Бог Солнца без его помощи на глазах стал сильнее и ярче, скоро совсем возмужал и прогнал холодный густой туман с легкой дымкой. В течение многих лет старик сам поклонялся богу Солнца, но теперь, кажется, тот становился всемогущим только для болтунов, на обращения Вугха не реагировал.
Правда, Вугх из лиан и сухожилий животных ему помочи не сооружал, как соседи. И по полночи поклоны лбом об порог не выкладывал. Пока бог оставался слабым, во дни долгой ночи, соплеменники Вугха были могущественны; теперь же, когда долгий период его бессилия завершался, и кроманьонцам удалось правдами или неправдами выволочь его из-за холма прежде Вугха, выходит, им, болтунам ненавистным, снова рассеиваться по стране, точно блохам по брюху неандертальца.
Вугх никак не брал того в толк. Возможно, бог съехал с ума, порастратился, не понимал, для кого разгораться — для него, человека спокойного, или для пришлых истериков. Может, не понимал, ибо высшие существа тоже часто бывали непредсказуемы. Он вздохнул с жалобой. Он мечтал лишь о том, чтобы к нему вернулся брат. Уж тот-то чувствовал эти вещи гораздо лучше и мог разъяснить ему все.
По гальке, разбросанной перед входом в пещеру, пробиралась Кейода. Наконец-то. Она принесла из деревни уже наполовину обглоданную лошадиную ногу, которую Вугх тут же схватил, вонзясь в нее своими острыми зубами.
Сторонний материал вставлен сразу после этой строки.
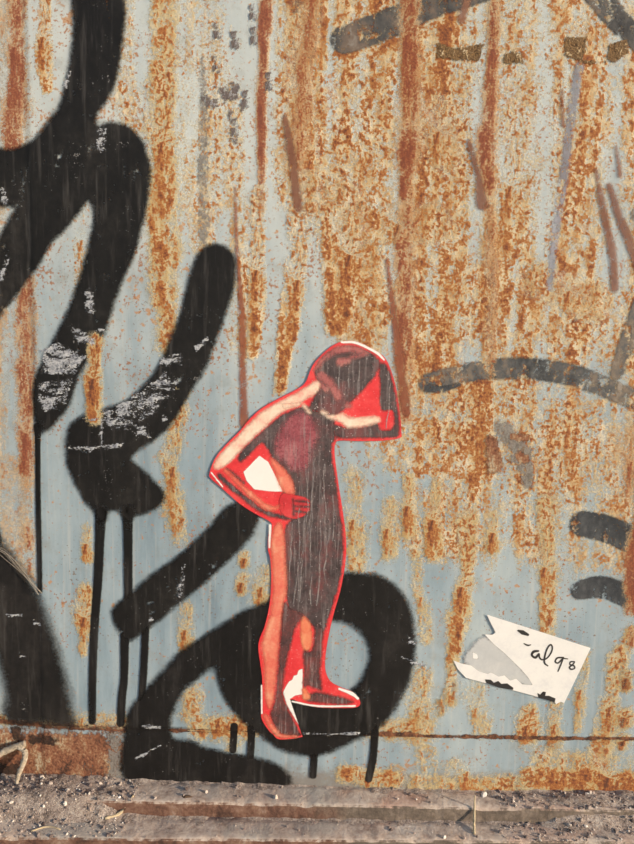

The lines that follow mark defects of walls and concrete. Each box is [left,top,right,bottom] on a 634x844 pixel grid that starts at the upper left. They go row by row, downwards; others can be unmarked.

rust [72,240,88,291]
rust [83,332,105,425]
rust [111,0,634,791]
rust [80,522,95,564]
rust [73,582,93,657]
rust [0,712,127,778]

Видимо, соседям за день до этого повезло на охоте, недаром подарки оказались столь щедрыми. Он промычал что-то в знак благодарности, рыкнул от радости, и подруга в полном довольстве уселась на солнышке, как раз у входа в пещеру, чтобы он ласково почесал ее спину.
Кейода еще немного страшила Вугха своим видом, как и весь ее род. У нее были длинные, вечно подгибающиеся ноги, короткие руки и неестественно прямая осанка. Вугх с аппетитным вздохом вспоминал бывших подружек из девушек соплеменниц. Вот те были что надо, приземисты, толсты, с выступающими вперед шеями и симпатичными низкими лбами. А эта… Как могли плосколицые женщины кроманьонцев залучать себе пару, для Вугха все еще оставалось загадкой.
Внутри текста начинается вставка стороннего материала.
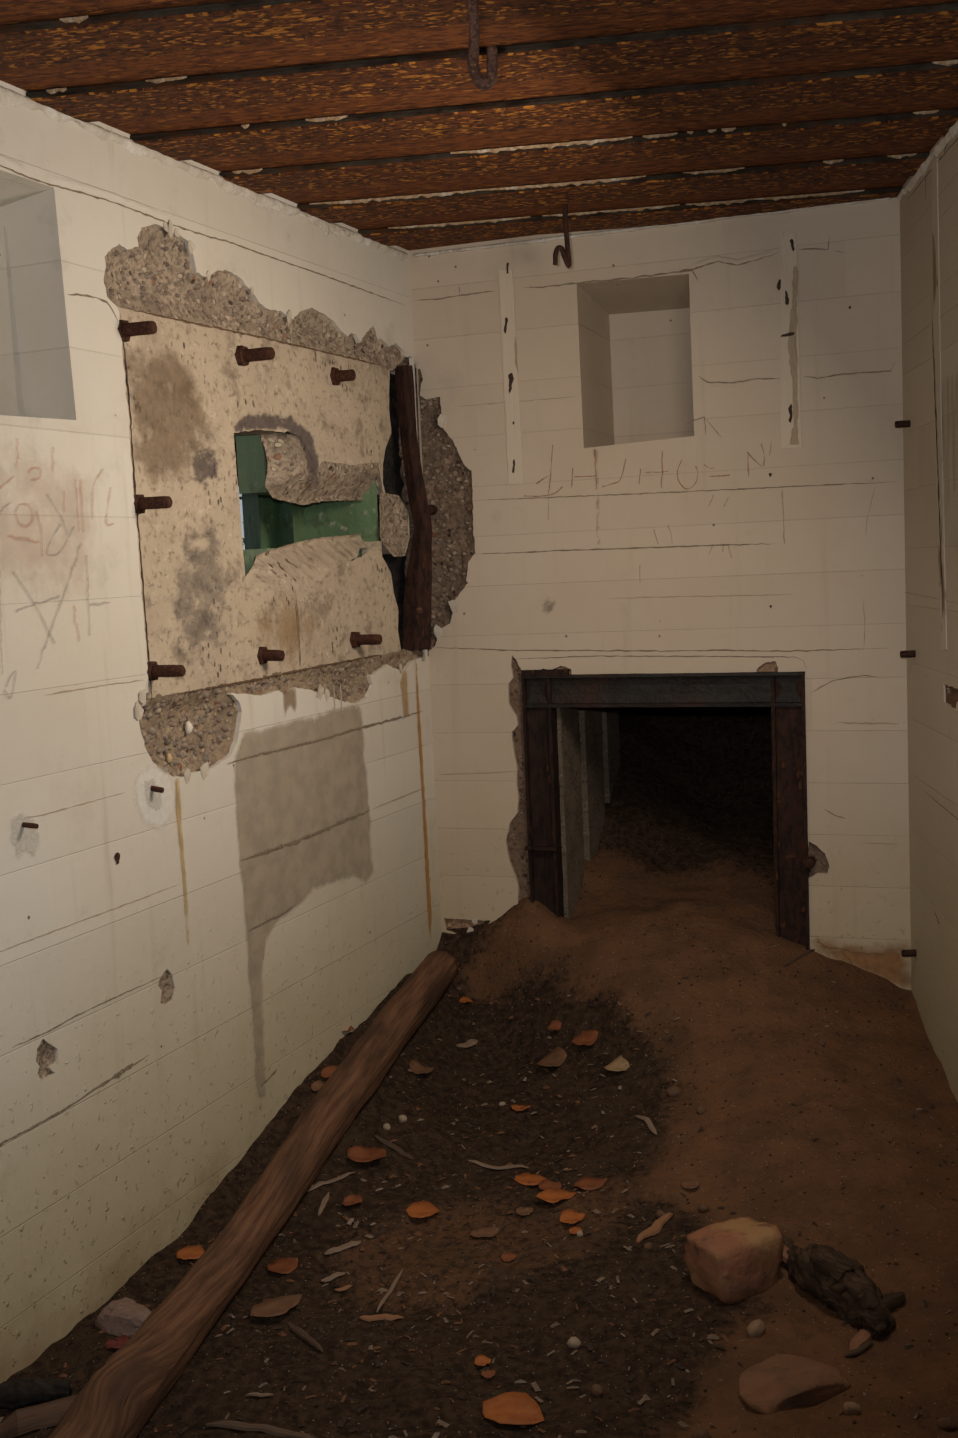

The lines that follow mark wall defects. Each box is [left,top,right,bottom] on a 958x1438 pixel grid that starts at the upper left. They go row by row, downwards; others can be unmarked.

peeling [242,192,311,220]
peeling [103,220,475,1095]
corrosion [176,780,187,913]
corrosion [401,664,432,934]
spalling [507,657,530,900]
spalling [445,917,485,932]
peeling [36,1039,56,1079]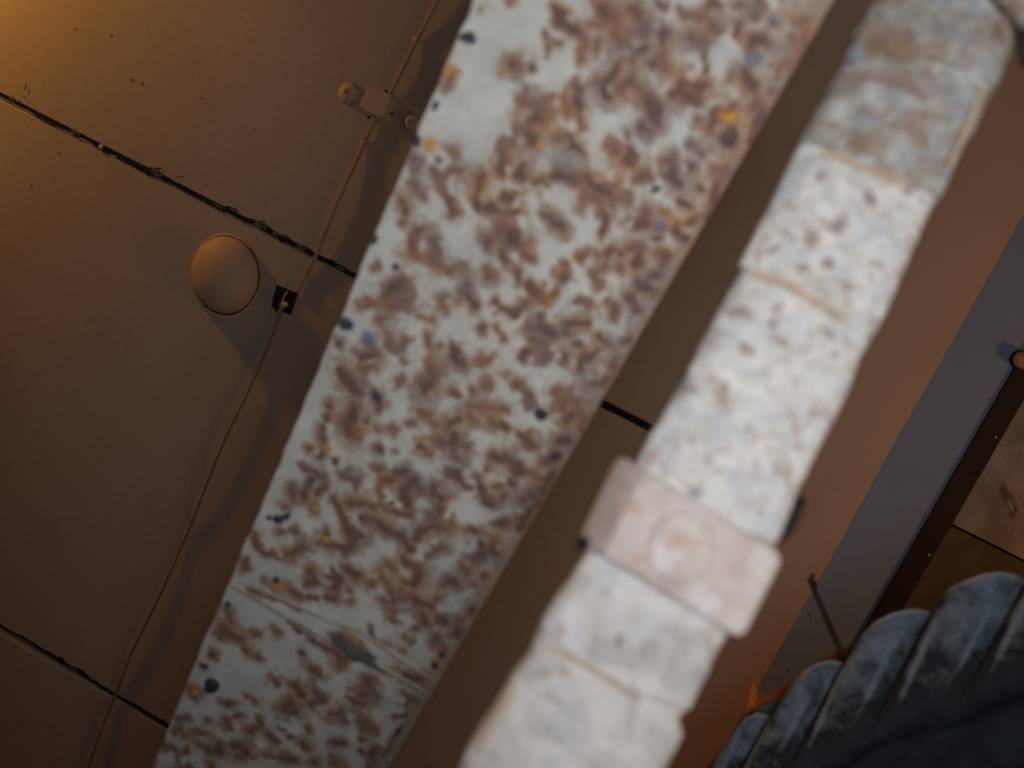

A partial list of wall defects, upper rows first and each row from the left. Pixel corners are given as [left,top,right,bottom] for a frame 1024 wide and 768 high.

crack [0,85,358,278]
corrosion [754,271,855,326]
corrosion [152,0,834,768]
crack [599,402,654,432]
crack [0,624,170,729]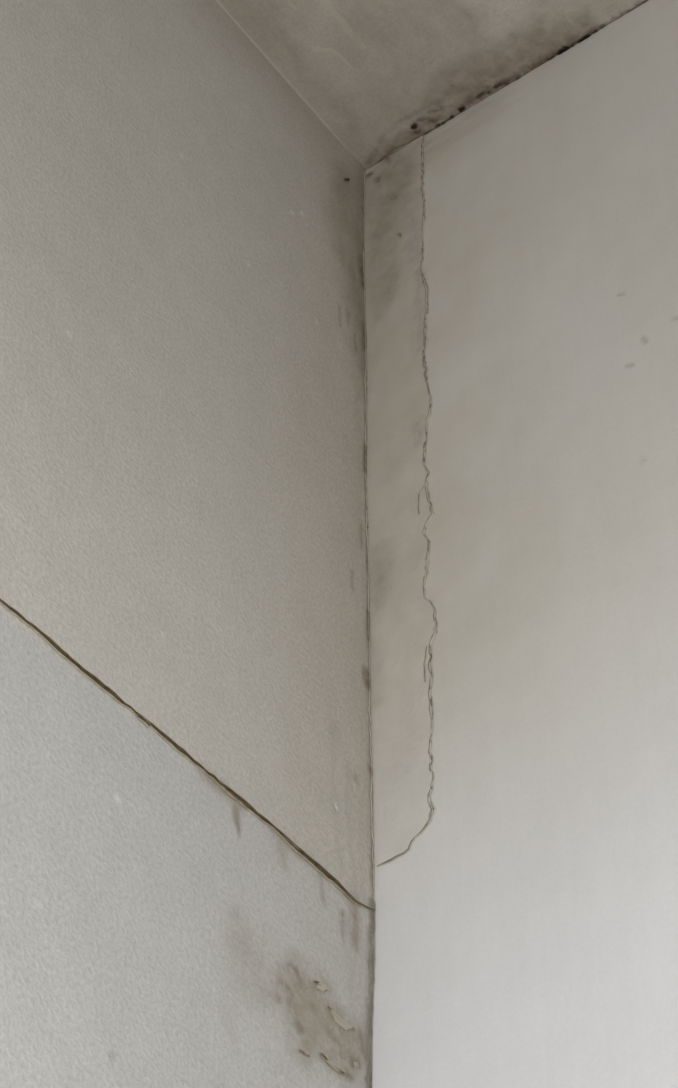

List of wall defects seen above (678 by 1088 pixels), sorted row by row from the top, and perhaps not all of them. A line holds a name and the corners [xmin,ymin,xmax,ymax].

water stain [537,25,604,64]
crack [363,0,648,889]
crack [0,598,375,931]
crack [367,958,375,986]
crack [365,1022,373,1086]

Но они, тем не менее, вполне преуспевали, их трепливые детки, которых, пожалуй, за день не пересчитать, визжали с утра до ночи, как поросята.
А Кейода в этом деле потерпела неудачу, и ее пример как раз говорил о том, кто был прав. Когда-то он даже проникся охотой к ней, почти восторгался. Еще ребенком она оказалась поранена, потому выросла в том отчуждении, которое непривлекательно для мужчин. Люди ее племени обращались с ней грубо, и Кейода в конце концов просто ушла от них.
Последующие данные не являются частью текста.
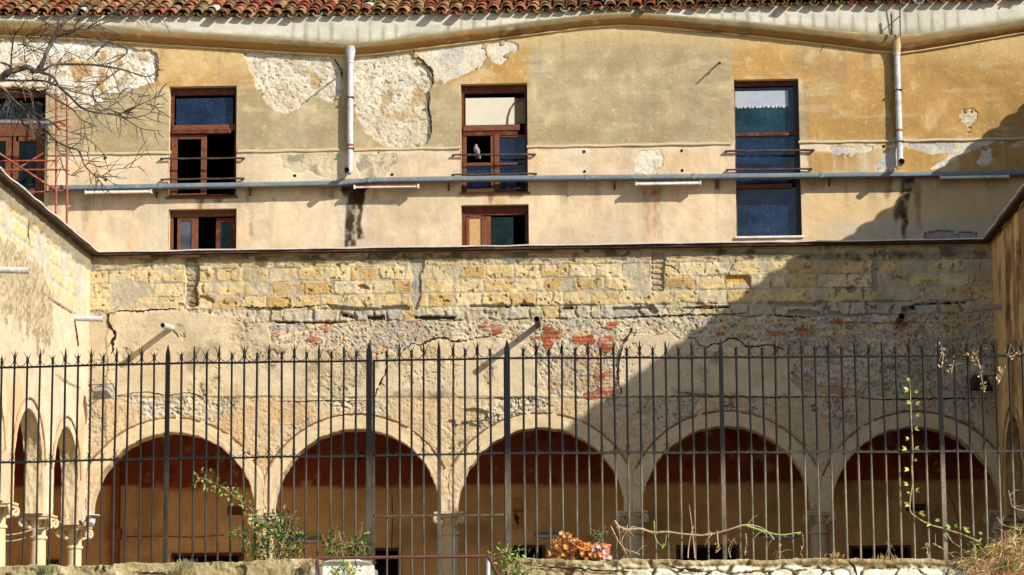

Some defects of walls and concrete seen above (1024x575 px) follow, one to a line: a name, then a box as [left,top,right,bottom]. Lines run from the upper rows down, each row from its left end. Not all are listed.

peeling [0,39,158,110]
peeling [244,40,518,179]
peeling [635,149,664,174]
peeling [874,108,996,171]
water stain [335,179,371,246]
water stain [895,178,914,235]
crack [107,308,179,354]
flaking render [480,320,503,334]
flaking render [531,322,618,352]
flaking render [582,369,621,399]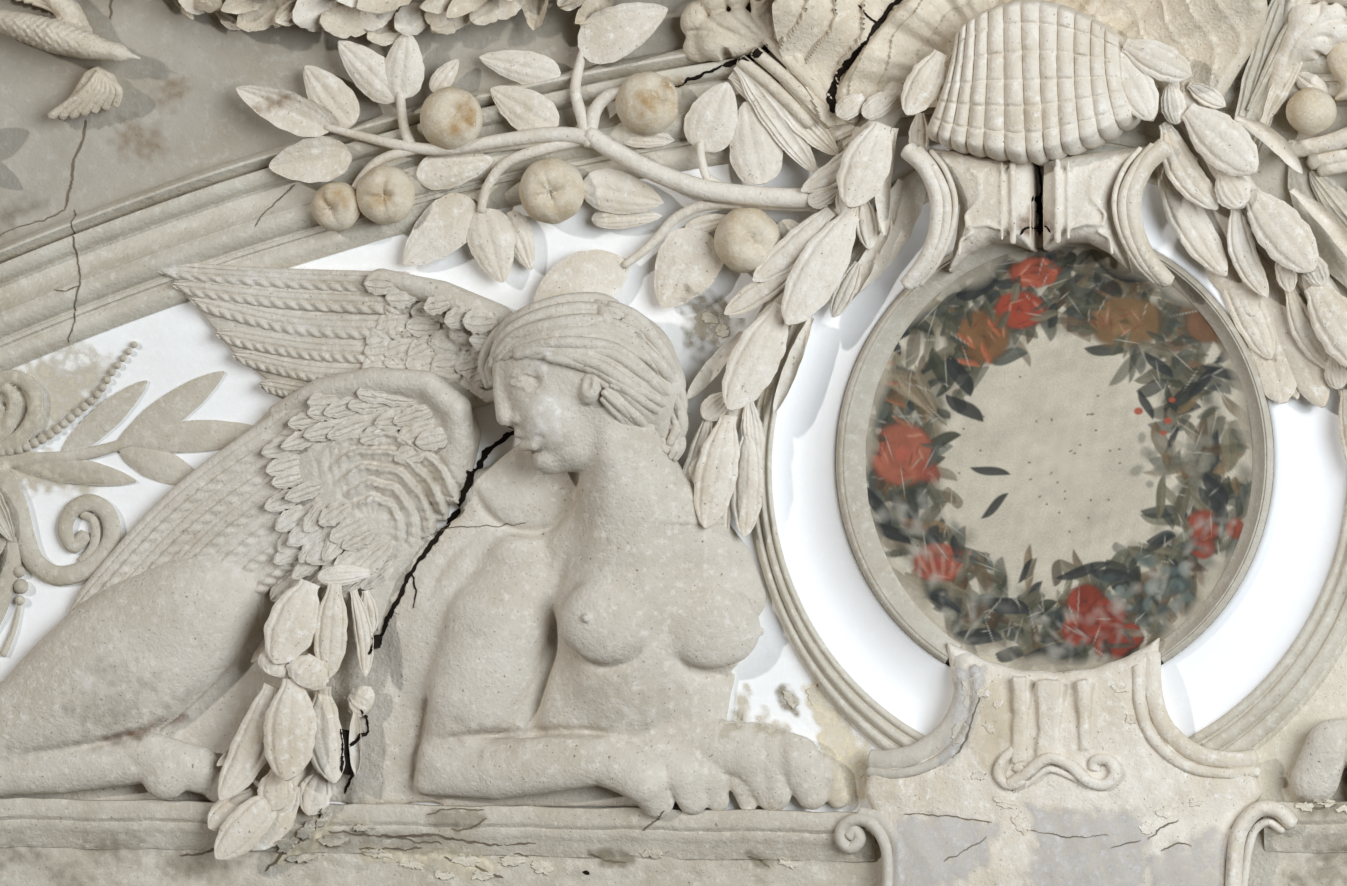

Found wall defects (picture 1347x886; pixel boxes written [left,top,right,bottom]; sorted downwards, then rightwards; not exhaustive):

crack [826,0,902,113]
crack [0,120,87,343]
crack [368,425,526,655]

Через некоторое время девчонка и набрела на Вугха. Или его мягкое сердце тронуло ее? Осталась, стерпелись, притерлись друг к другу, ах, юность хо-хо. Вообще-то ее родня вся была сворой кочевной, носилась за своими стадами на север — летом, зимою — на юг, мотало их, не сидевших на месте, в зависимости от времени года. Но, невзирая на климат с привычками рода, Кейода все же осталась в пещере Вугха, и мало того, без дела не бывала, сразу кидалась на любую работу, в которой у них возникала потребность. Даже на такую, которую сами неандертальцы презирали. И Вугх был всегда благодарен за это.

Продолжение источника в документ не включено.